**TASK STATEMENT**
Repeat exactly the lines from the start of the material below up to and including the "name: x=_ y=_" line.

**RECORDS FOR THE TASK**

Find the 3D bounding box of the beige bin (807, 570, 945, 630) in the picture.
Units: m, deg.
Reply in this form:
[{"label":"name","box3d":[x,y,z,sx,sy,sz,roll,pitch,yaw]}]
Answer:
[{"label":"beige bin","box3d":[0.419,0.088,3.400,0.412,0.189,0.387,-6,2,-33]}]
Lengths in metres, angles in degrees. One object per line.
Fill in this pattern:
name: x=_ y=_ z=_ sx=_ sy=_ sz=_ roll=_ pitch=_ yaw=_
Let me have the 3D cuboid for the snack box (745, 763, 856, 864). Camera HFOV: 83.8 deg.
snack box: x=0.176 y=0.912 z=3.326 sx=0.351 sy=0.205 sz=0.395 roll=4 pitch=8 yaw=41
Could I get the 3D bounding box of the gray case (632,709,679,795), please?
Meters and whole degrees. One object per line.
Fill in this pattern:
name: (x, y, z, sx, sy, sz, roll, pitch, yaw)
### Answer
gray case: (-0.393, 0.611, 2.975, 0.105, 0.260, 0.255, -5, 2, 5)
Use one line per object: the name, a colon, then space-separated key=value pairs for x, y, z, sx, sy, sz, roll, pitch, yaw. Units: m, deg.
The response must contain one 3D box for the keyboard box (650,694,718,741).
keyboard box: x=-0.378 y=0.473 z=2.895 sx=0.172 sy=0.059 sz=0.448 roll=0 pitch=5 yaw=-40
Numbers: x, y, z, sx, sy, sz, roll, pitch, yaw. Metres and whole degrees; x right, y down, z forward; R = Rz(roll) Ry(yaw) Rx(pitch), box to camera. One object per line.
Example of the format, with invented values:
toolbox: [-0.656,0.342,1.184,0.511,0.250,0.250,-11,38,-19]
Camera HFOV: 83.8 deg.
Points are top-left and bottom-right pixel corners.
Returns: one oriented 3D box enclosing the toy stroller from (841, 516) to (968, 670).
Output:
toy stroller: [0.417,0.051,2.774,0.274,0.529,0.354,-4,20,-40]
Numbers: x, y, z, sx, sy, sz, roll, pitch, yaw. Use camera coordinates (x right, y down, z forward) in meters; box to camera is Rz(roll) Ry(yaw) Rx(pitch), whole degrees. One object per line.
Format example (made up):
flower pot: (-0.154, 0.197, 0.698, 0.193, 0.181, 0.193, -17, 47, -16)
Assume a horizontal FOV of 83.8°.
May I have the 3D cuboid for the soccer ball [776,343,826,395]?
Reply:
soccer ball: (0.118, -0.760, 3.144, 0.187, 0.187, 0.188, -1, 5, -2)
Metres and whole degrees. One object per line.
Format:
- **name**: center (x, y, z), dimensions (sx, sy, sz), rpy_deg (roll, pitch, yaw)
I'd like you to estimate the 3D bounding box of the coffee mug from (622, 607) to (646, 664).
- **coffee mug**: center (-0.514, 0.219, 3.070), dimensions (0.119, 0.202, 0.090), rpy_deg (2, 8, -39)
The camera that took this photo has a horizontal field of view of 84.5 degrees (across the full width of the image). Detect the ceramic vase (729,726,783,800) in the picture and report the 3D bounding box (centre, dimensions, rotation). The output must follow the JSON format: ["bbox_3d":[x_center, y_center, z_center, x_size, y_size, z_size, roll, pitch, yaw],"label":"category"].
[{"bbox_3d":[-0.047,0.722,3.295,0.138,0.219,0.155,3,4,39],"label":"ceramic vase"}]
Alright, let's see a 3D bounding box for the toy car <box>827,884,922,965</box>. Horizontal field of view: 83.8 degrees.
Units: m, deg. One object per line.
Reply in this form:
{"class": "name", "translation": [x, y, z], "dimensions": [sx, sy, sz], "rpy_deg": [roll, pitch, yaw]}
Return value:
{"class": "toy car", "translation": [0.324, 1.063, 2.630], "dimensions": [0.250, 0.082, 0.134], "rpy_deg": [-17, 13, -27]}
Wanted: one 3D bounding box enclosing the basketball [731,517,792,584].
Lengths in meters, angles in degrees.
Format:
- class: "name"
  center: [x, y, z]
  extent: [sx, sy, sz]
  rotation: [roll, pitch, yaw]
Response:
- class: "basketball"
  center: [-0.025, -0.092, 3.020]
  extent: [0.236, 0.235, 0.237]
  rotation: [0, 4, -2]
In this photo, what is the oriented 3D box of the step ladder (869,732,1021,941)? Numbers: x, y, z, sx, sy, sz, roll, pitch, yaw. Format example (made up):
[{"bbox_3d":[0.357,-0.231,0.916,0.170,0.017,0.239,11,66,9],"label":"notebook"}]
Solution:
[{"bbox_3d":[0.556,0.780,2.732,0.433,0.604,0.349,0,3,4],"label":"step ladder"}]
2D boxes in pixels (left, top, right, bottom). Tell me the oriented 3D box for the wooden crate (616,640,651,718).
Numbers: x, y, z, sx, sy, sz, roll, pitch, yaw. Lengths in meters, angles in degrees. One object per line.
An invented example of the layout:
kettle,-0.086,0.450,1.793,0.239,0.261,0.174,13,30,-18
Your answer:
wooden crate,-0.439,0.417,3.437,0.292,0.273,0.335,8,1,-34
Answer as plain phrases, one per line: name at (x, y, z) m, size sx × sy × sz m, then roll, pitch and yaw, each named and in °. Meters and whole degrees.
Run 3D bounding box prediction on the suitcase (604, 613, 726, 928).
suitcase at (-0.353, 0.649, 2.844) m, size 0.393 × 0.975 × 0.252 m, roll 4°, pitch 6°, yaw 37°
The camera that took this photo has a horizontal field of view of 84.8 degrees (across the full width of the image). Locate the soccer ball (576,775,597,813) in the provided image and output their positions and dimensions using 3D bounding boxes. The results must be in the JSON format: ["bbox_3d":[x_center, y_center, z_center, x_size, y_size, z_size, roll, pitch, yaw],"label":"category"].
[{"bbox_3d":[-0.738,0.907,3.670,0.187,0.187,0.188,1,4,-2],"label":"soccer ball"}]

**RESULT OF THIS TASK**
Find the 3D bounding box of the beige bin (807, 570, 945, 630) in the picture.
Units: m, deg.
Reply in this form:
[{"label":"name","box3d":[x,y,z,sx,sy,sz,roll,pitch,yaw]}]
Answer:
[{"label":"beige bin","box3d":[0.419,0.088,3.400,0.412,0.189,0.387,-6,2,-33]}]
Lengths in metres, angles in degrees. One object per line.
Fill in this pattern:
name: x=_ y=_ z=_ sx=_ sy=_ sz=_ roll=_ pitch=_ yaw=_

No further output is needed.